Libertà di manifestare al limite: la DGB lotta contro il divieto a Giessen!
Giessen vieta le contromanifestazioni per fondare i giovani dell'AfD. La DGB e il Partito della Sinistra hanno intentato causa contro la decisione del tribunale.

Libertà di manifestare al limite: la DGB lotta contro il divieto a Giessen!
A Giessen bolle! Mentre l’AfD invita la gente a fondare una nuova organizzazione giovanile, la città sta pianificando misure draconiane per contenere le proteste. Forte netzpolitik.org Sono state vietate diverse contromanifestazioni nei pressi dell'evento. Per spostare gli incontri, la città ha inviato i manifestanti dall'altra parte del Lahn. Ciò significa che non solo incontra resistenza da parte dei richiedenti, ma anche massicce critiche da parte di diverse organizzazioni.
Ha suscitato molto scalpore la decisione del tribunale amministrativo di Gießen di respingere le richieste di riunione della Confederazione tedesca dei sindacati (DGB). La DGB ha sottolineato che il trasferimento non era giustificato in base al criterio della mancanza di spazio in città. I critici vedono le nuove prescrizioni come una restrizione alla libertà di riunione, un diritto fondamentale che è ancorato nella Legge fondamentale (articolo 8 Legge fondamentale) e protegge il diritto di riunione pacifica, come ad esempio Università di Potsdam spiegato.
Reazioni alla decisione
La DGB dell'Assia-Turingia ha annunciato che presenterà ricorso contro la decisione davanti al Tribunale amministrativo dell'Assia. Il presidente della DGB Michael Rudolph sottolinea l'importanza di protestare in modo che il destinatario possa sentire e vedere. "Sabato vorremmo inviare un segnale visibile, solidale e democratico contro la misantropia e la divisione", spiega Rudolph, riferendosi alla tranquillità degli incontri previsti.
Inoltre, il partito della Sinistra ha anche annunciato un'azione legale contro la decisione della città. In una dichiarazione si preoccupano del processo democratico e criticano la misura definendola antidemocratica. Il Gießener Anzeiger riferisce che la città sta cercando di fornire un servizio navetta per garantire la mobilità della popolazione nonostante le restrizioni. Sarà allestito un servizio navetta gratuito tra i campus universitari e il centro città per agevolare i visitatori che vorranno prendere parte alle proteste.
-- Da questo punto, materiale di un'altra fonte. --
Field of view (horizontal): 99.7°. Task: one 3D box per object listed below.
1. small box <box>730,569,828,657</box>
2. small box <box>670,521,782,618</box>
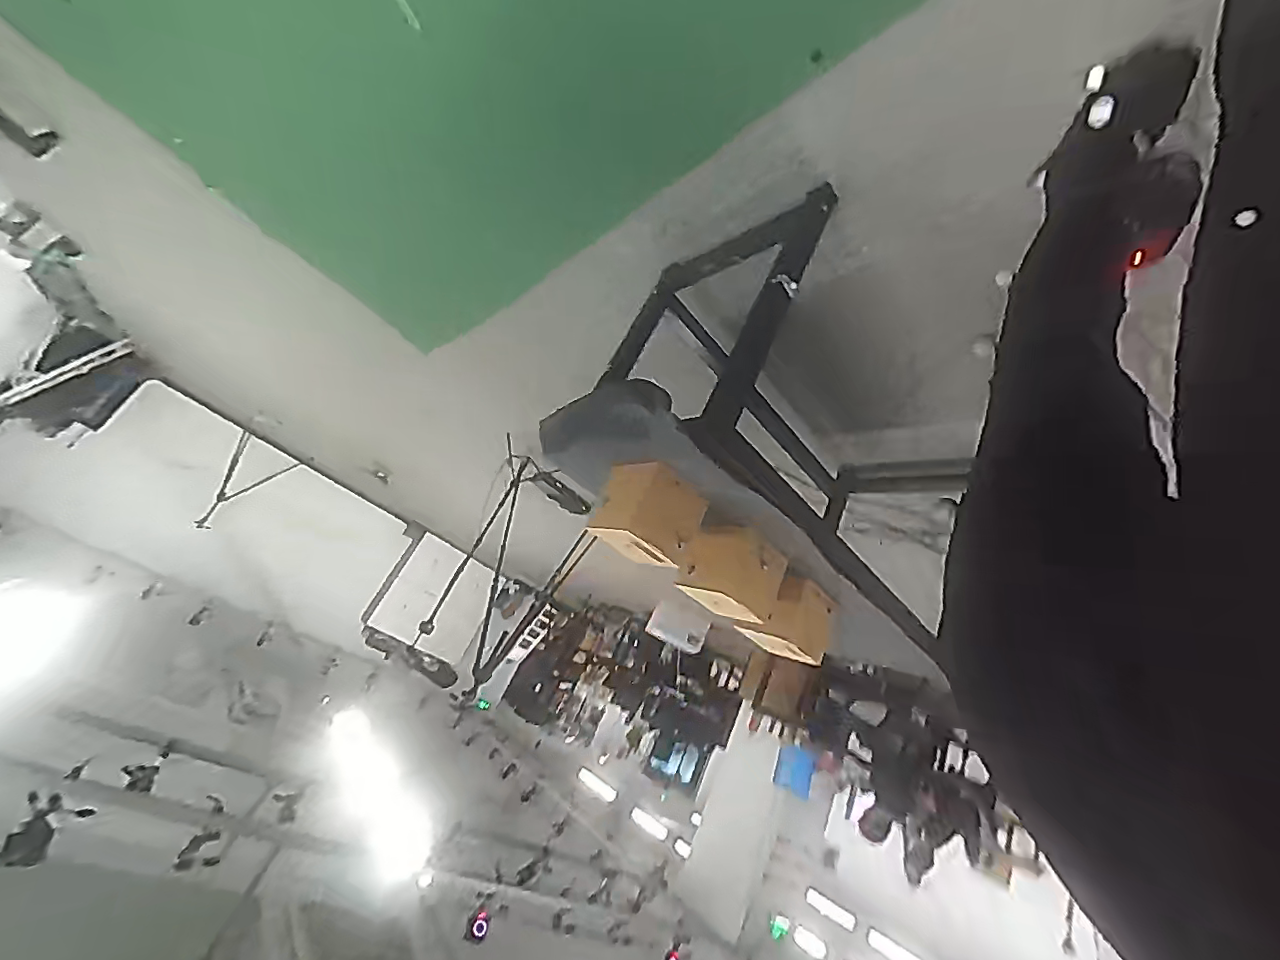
[{"bbox_3d":[0.376,0.342,1.429,0.168,0.176,0.179,40,156,-31],"label":"small box"},{"bbox_3d":[0.211,0.209,1.309,0.168,0.176,0.179,39,156,-29],"label":"small box"}]
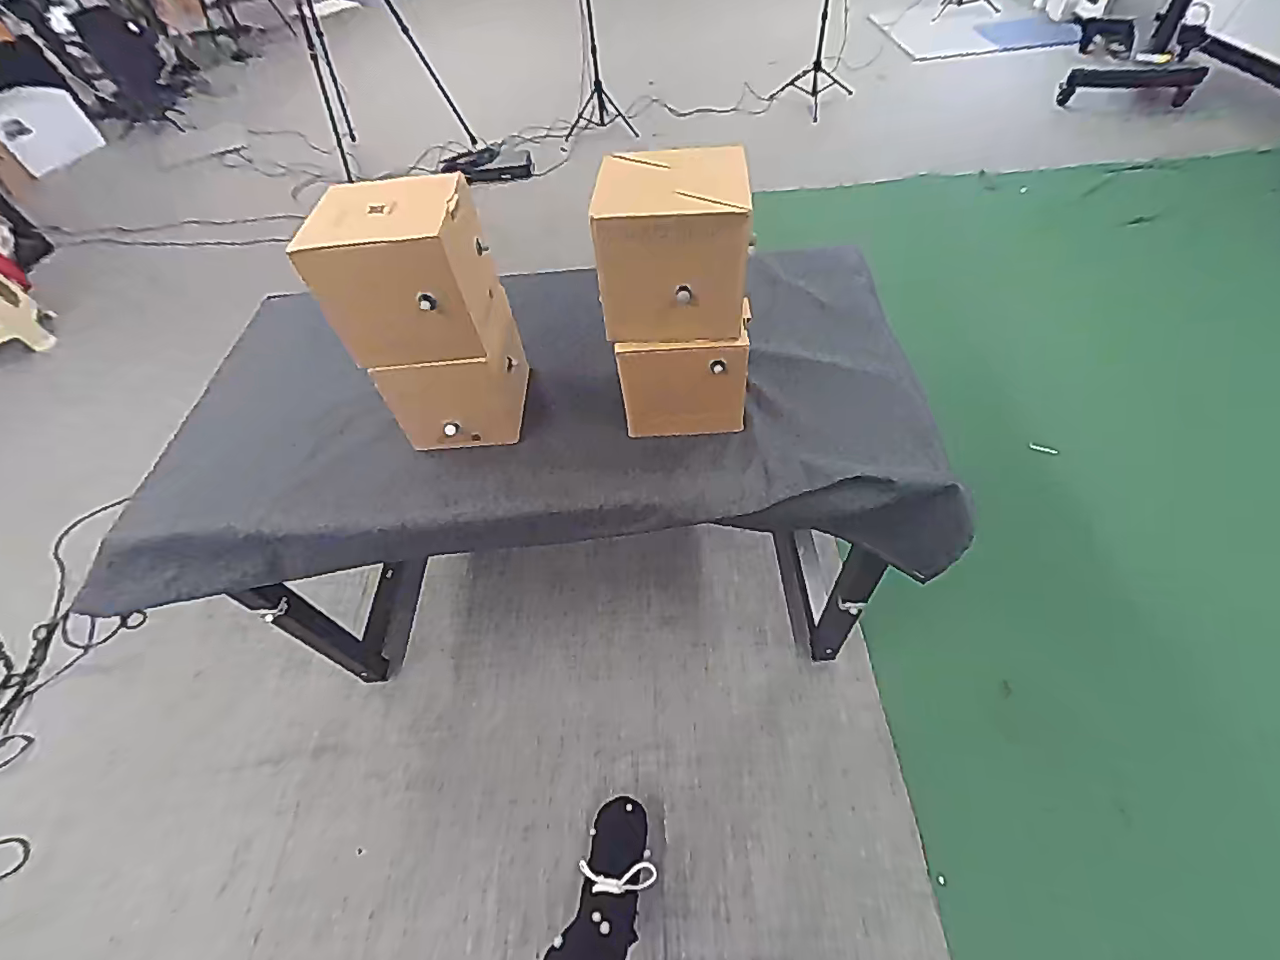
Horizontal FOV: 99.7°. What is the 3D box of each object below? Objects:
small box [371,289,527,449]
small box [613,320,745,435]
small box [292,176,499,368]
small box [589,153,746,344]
[{"bbox_3d":[-0.278,-0.168,0.836,0.168,0.176,0.179,-4,53,3],"label":"small box"},{"bbox_3d":[0.059,-0.181,0.814,0.179,0.176,0.168,-3,52,3],"label":"small box"},{"bbox_3d":[-0.297,-0.266,0.707,0.179,0.176,0.168,-6,51,3],"label":"small box"},{"bbox_3d":[0.041,-0.295,0.691,0.179,0.176,0.168,0,52,6],"label":"small box"}]
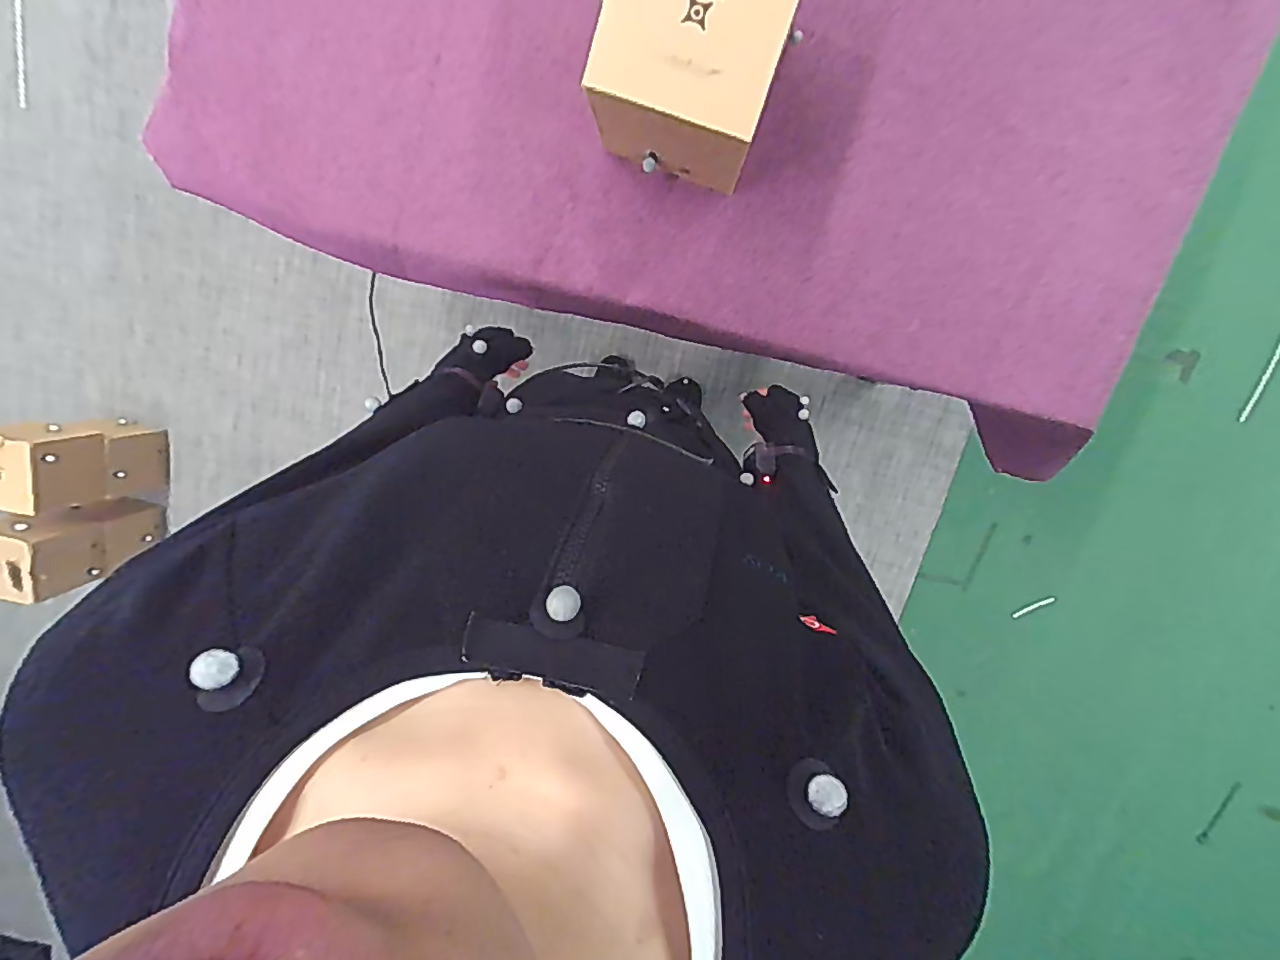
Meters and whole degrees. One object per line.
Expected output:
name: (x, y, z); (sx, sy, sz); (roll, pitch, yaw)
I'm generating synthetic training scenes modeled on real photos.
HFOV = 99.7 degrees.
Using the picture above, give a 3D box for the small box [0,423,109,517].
small box: (-1.431, -0.030, 1.294); (0.168, 0.176, 0.179); (10, 103, 0)

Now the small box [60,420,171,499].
small box: (-1.420, -0.061, 1.454); (0.179, 0.176, 0.168); (11, 104, 1)

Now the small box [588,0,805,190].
small box: (0.058, -0.430, 0.548); (0.168, 0.176, 0.179); (19, 104, -1)

I timori per la sicurezza della città
L'amministrazione comunale si affida a un'analisi dei rischi della polizia che ha portato allo spostamento dei manifestanti. Il prossimo fine settimana alcuni tratti della tangenziale di Giessen saranno chiusi al traffico per garantire la sicurezza. Questa decisione è stata accolta con incomprensione non solo dai manifestanti, ma anche dai Verdi, che hanno visto nella fondazione dell’organizzazione giovanile AfD un attacco ai valori democratici.
L'ordine scritto della città è stato consegnato ai ricorrenti solo sabato pomeriggio, il che non ha fatto altro che aumentare l'incomprensione e l'indignazione degli attori. Per la DGB e la sinistra è chiaro: qui viene messo in discussione un importante diritto fondamentale.
Se le proteste vogliono svolgersi sabato, i partecipanti non devono solo tenere d'occhio il trasferimento, ma anche tutti i requisiti e le misure di sicurezza. Ma la volontà di mandare un segnale importante di democrazia e tolleranza c’è. Ciò è notevole ed è un segno che molte persone si oppongono all’ingiustizia anche in tempi difficili.
Nelle prossime settimane si vedrà se i manifestanti verranno ascoltati o se le richieste della città e le decisioni del tribunale assumeranno ulteriori dimensioni. Dopotutto, resta il principio che gli incontri devono svolgersi vicino al destinatario per trasmettere chiaramente i messaggi.